For doing this -if i'm not terribly mistaken since I'm quite new to DL- I found out that it could be helpful to exploit the depth_to_space function, since it takes a 4d tensor
[batch, height, width, depth]
and produces an output of shape
[batch, height*block_size, width*block_size, depth/(block_size*block_size)]
Where block_size is the number of "tiles" in the output image. The only limitation to this is that the depth should be the square of block_size, which is an integer, otherwise it cannot "fill" the resulting image correctly.
A possible solution could be of padding the depth of the input tensor up to a depth that is accepted by the method, but I sill havn't tried this.
Another way, which I think very easy, is using the get_operation_by_name function.
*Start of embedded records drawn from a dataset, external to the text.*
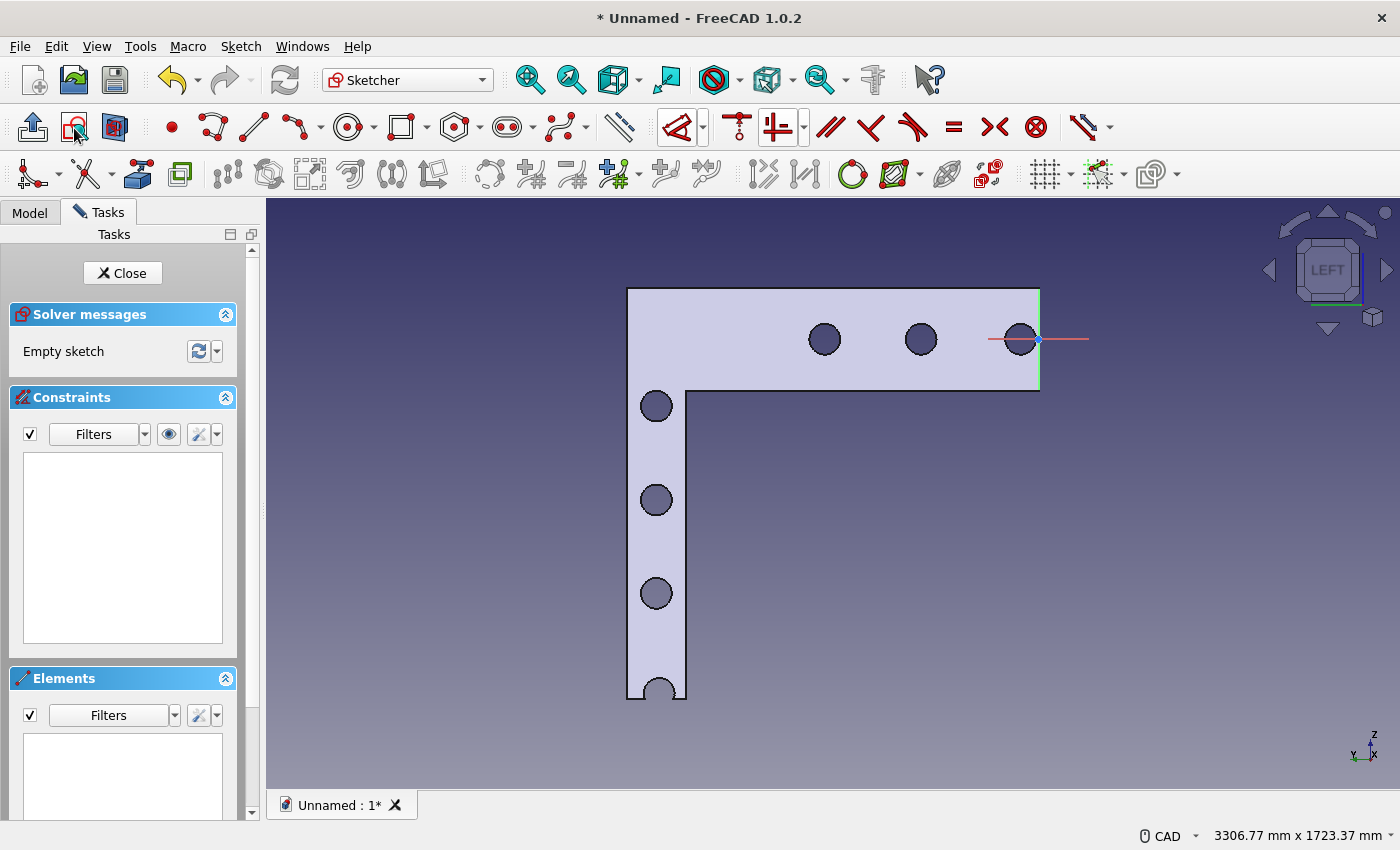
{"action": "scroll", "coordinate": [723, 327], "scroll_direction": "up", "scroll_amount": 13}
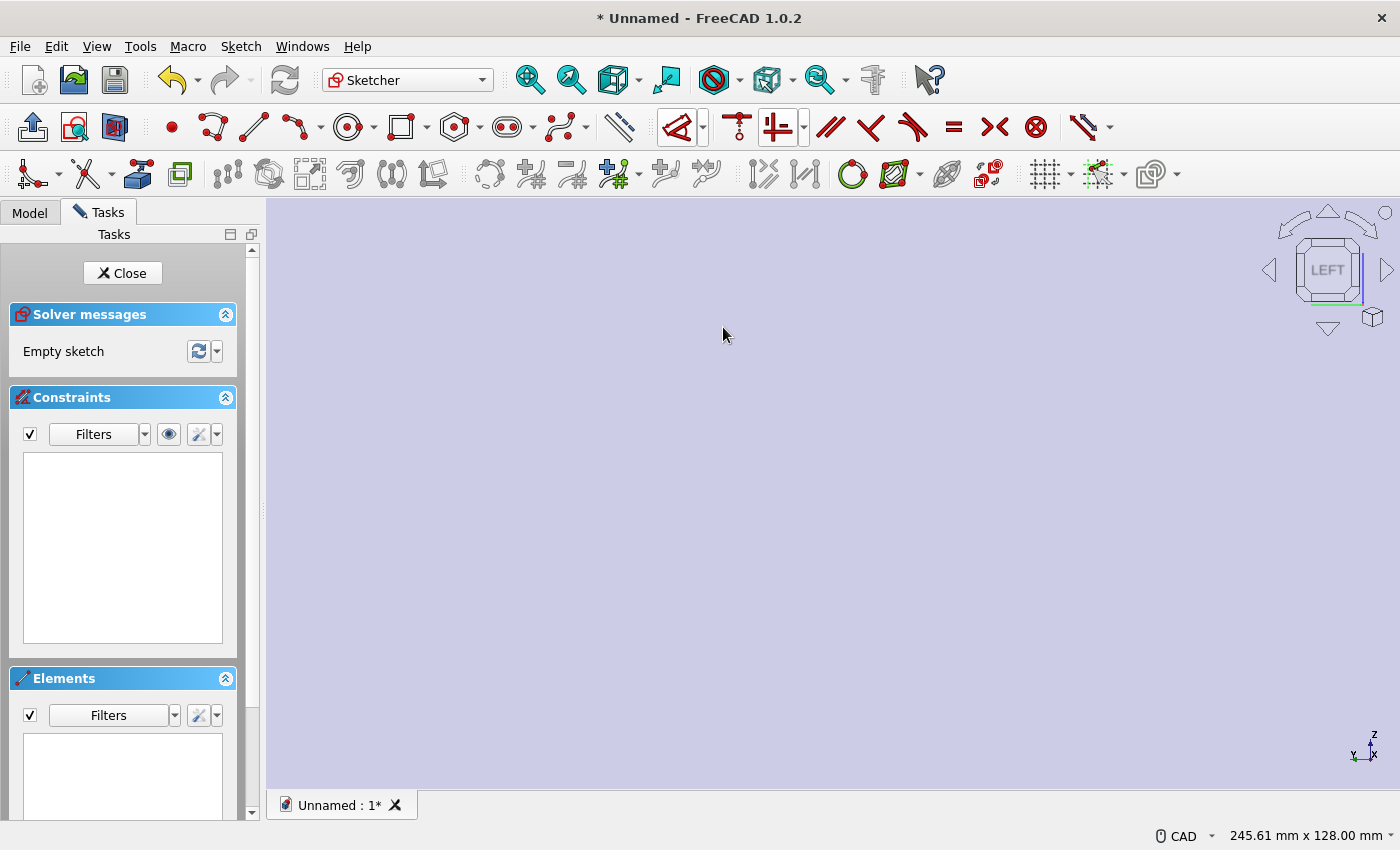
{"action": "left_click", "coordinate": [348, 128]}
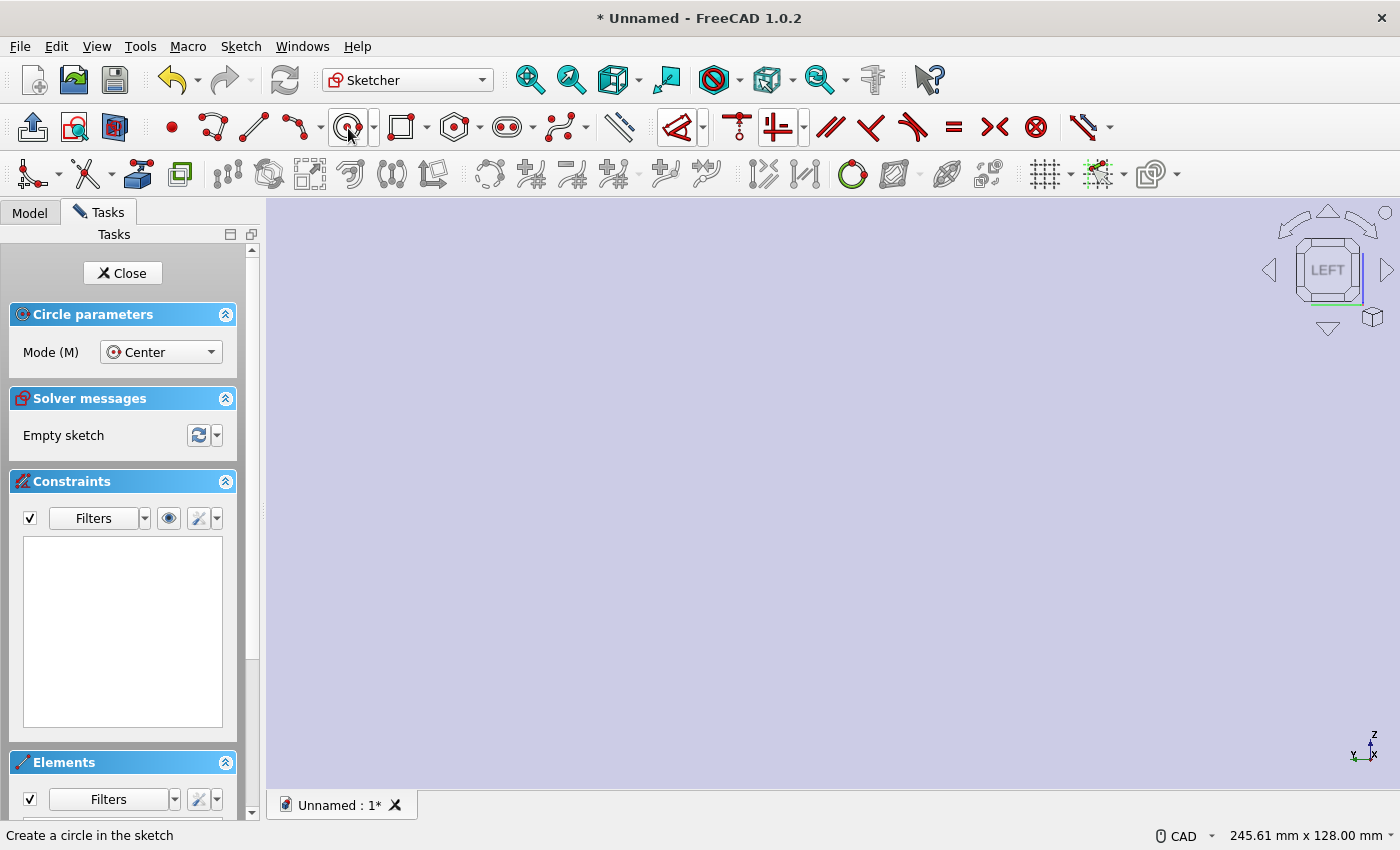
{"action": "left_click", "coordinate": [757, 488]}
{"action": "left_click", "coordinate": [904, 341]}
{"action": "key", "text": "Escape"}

I had hard time visualizing the layers with other methods but this helped me.
#first, find out the operations, many of those are micro-operations such as add etc.
graph = tf.get_default_graph()
graph.get_operations()
#choose relevant operations
op_name = '...'
op = graph.get_operation_by_name(op_name)
out = sess.run([op.outputs[0]], feed_dict={x: img_batch, is_training: False})
#img_batch is a single image whose dimensions are (1,n,n,1).
# out is the output of the layer, do whatever you want with the output
#in my case, I wanted to see the output of a convolution layer
out2 = np.array(out)
print(out2.shape)
# determine, row, col, and fig size etc.
for each_depth in range(out2.shape[4]):
fig.add_subplot(rows, cols, each_depth+1)
plt.imshow(out2[0,0,:,:,each_depth], cmap='gray')
For example below is the input(colored cat) and output of the second conv layer in my model.
Note that I am aware this question is old and there are easier methods with Keras but for people who use an old model from other people (such as me), this may be useful.